Try it out for yourself. You can copy-paste the stem-loop sequence into the search field of UGene and use the Add annotation feature to include terminators.

As far as we know, there are no tools looking for phage rho-dependent terminators.

Promoters

Promoters are tricky, because there can be multiple different promoter sequence motifs within one phage, e.g. early, middle & late, or phage-specific promoters recognised by the phage RNA polymerase (if it encodes one). If the bacterial promoter sequences are well characterised, you can use these. Otherwise, a pattern recognition search upstream of each CDSs works best to find new promoters.

First, we'll need to extract the upstream sequences. We will use the script created by Andrea.

getUpstreamFromGbk -i prokka_T4/PROKKA_11152021.gbk  -o upstream_T4 -l 100 

Then we can use the output file to search for patterns using MEME. If all goes well, you will be able to find conserved ribosome binding site motifs and at least one putative promoter sequence. As with the terminators, you will now need to verify whether these promoters are logically situated given the location of the CDSs.

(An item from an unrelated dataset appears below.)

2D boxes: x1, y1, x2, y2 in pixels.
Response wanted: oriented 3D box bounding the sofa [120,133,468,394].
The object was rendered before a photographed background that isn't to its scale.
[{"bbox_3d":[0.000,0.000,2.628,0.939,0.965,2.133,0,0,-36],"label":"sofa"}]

7️⃣ Tidying up your GenBank file

Adding source modifiers

A very important item on your to-do list for phage genomics, should be providing the correct metadata for each genome. This can be done by providing the necessary source modifiers in your GenBank file, or at the time of submission. A detailed overview of all the possible information to use and the correct qualifiers, can be found on the INSDC website.

Removing unwanted information from GenBank files

Prokka and other tools often add additional qualifiers to each of the features (genes, CDSs, tRNAs etc.) that are identified. There's a debate on whether that's "polluting the GenBank file" or being thorough in reporting information. We're not getting involved, as long as you don't add the additional information in the /product or /gene descriptions.

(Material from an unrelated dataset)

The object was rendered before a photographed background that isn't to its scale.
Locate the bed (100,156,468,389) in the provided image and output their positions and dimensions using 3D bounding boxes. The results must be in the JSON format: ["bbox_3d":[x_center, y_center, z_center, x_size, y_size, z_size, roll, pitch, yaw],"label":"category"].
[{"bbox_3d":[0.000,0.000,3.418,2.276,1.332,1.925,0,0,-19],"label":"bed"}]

Any of the qualifiers can be edited or removed manually in either UGene or a text editor. Here, we'll show a way to systematically delete a set of qualifiers using grep on the command line.

# we want to get rid of all the lines starting with /inference
grep -v "/inference" PROKKA_T4.gbk > clean.gbk

8️⃣ Submission to INSDC

At this point, we're suggesting you check out the guidance by NCBI in the The GenBank Submissions Handbook. We hope to update this with more practical tips and tricks soon.